The secondary side switches were each a noise to tail pair of MOSFETs. The secondary side switches were driven by couple of gate transformers. Their conductions also overlapped slightly. Sliding the phase relationship between the primary switches and the secondary ones controlled the output voltage.

Good question. There are many tradeoffs regarding cost/size, the quality of the output and the operating frequency. You have to optimize all of that. Generally, you want the bigger inductance as long as you can satisfy the peak current requirement. As for the LC frequency, generally it should be more then about 100 times of AC frequency and less then

1/10 of PWM frequency. So the practical value would be from several kHz to several tens of kHz.

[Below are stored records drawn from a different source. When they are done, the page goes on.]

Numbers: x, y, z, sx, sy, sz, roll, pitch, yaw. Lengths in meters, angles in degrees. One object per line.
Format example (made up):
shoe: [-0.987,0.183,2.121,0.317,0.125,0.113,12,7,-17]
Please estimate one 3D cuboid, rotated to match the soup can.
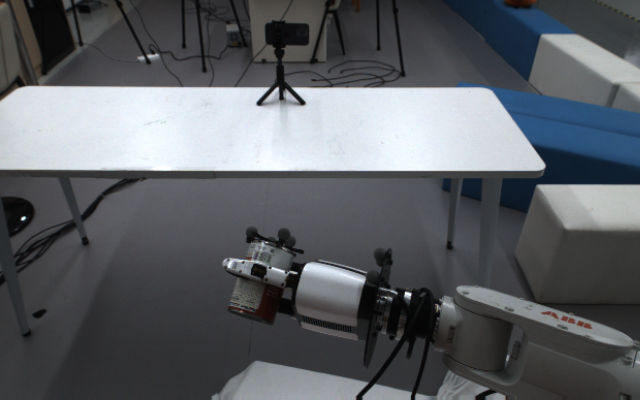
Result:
soup can: [-0.079,0.115,0.670,0.067,0.067,0.101,12,70,14]
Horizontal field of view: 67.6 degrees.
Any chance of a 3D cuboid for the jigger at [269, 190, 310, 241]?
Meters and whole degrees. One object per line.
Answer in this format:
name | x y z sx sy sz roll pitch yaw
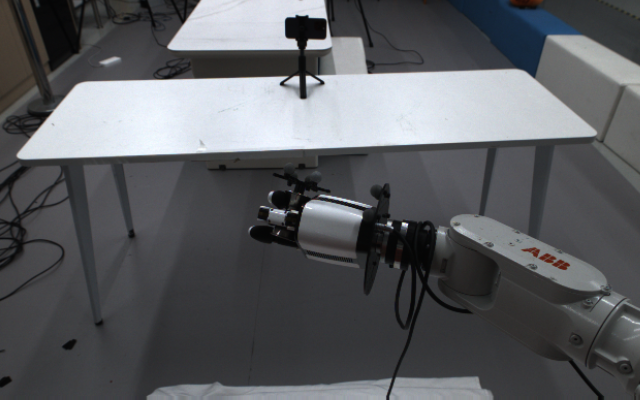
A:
jigger | -0.042 0.022 0.706 0.043 0.071 0.043 19 -6 2
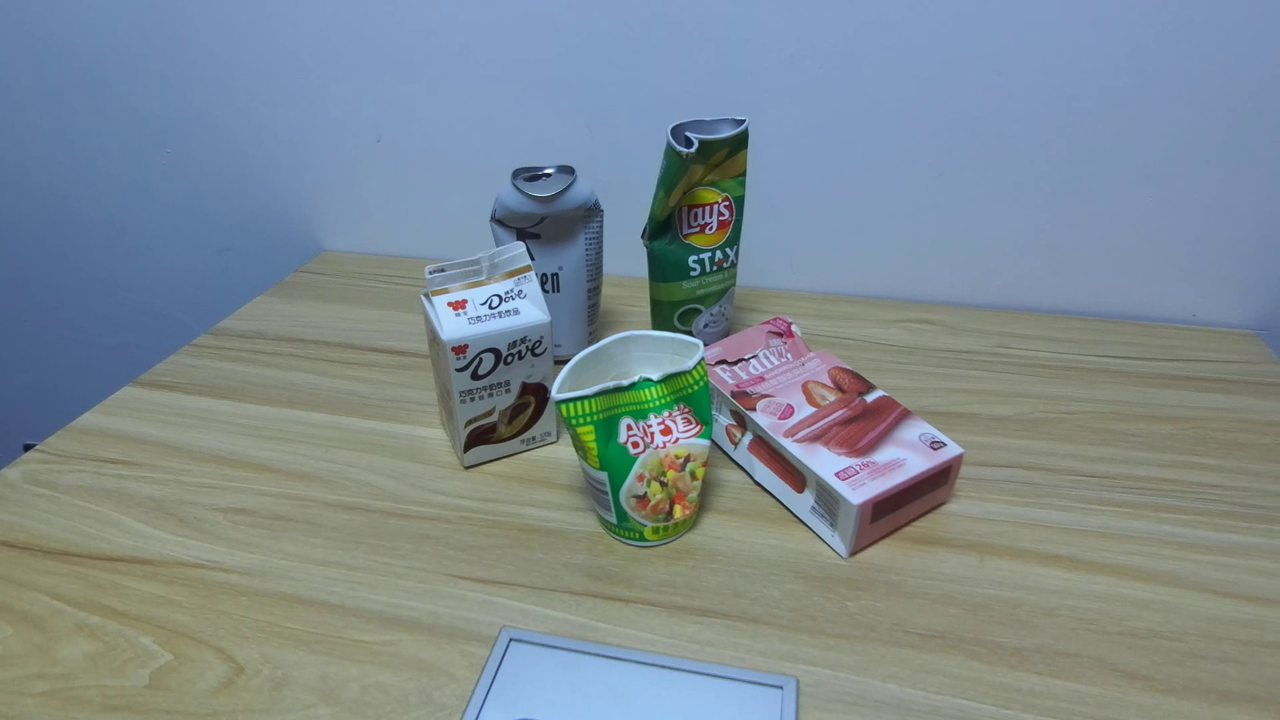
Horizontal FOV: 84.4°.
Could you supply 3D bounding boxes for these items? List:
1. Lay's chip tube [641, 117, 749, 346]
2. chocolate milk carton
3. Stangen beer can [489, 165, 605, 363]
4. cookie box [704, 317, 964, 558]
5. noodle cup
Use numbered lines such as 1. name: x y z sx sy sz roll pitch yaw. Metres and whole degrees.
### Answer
1. Lay's chip tube: 0.045 -0.088 0.571 0.069 0.201 0.077 8 36 13
2. chocolate milk carton: -0.108 -0.010 0.502 0.075 0.148 0.073 -15 37 -24
3. Stangen beer can: -0.074 -0.078 0.595 0.077 0.162 0.065 -28 41 -36
4. cookie box: 0.118 0.047 0.499 0.105 0.059 0.185 -20 42 -23
5. noodle cup: 0.004 0.050 0.439 0.082 0.122 0.075 -6 24 11
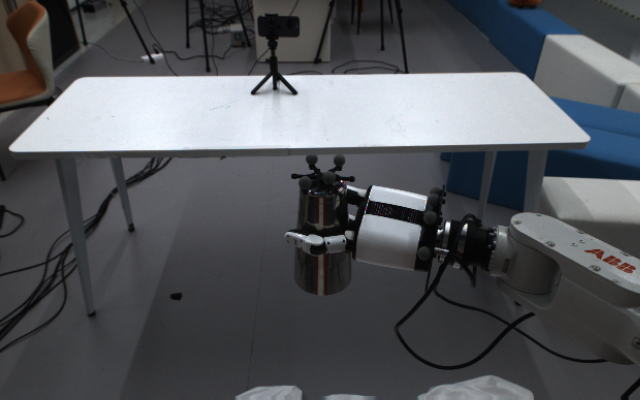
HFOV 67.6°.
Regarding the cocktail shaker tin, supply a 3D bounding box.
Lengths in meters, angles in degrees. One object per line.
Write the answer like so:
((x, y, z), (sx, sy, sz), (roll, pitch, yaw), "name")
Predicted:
((0.006, 0.046, 0.722), (0.093, 0.170, 0.093), (0, 33, 0), "cocktail shaker tin")
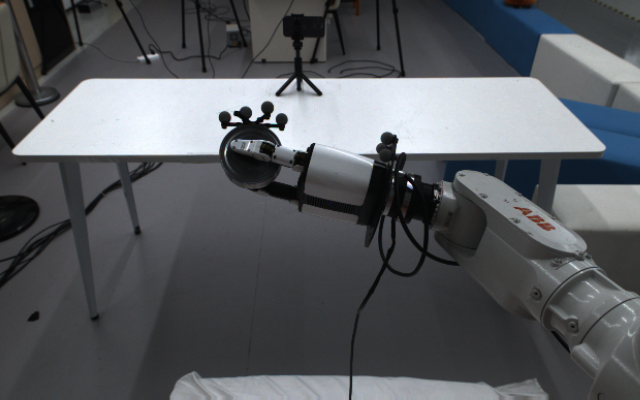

It looks like the closed loop control is not working properly.

You should consider no load and max load. The invertor should be unconditionally stable. Take the non-idealities of L and C into the account also.

Quite often you can see the ad-hoc approach and near-square waveforms :-)

Vladimir Vassilevsky

DSP and Mixed Signal Design Consultant

Thanks for replying, you two kind people has been really helpful

No. I bought a pure sine inverter and it's measured waveform is clean and nice regardless to load condition.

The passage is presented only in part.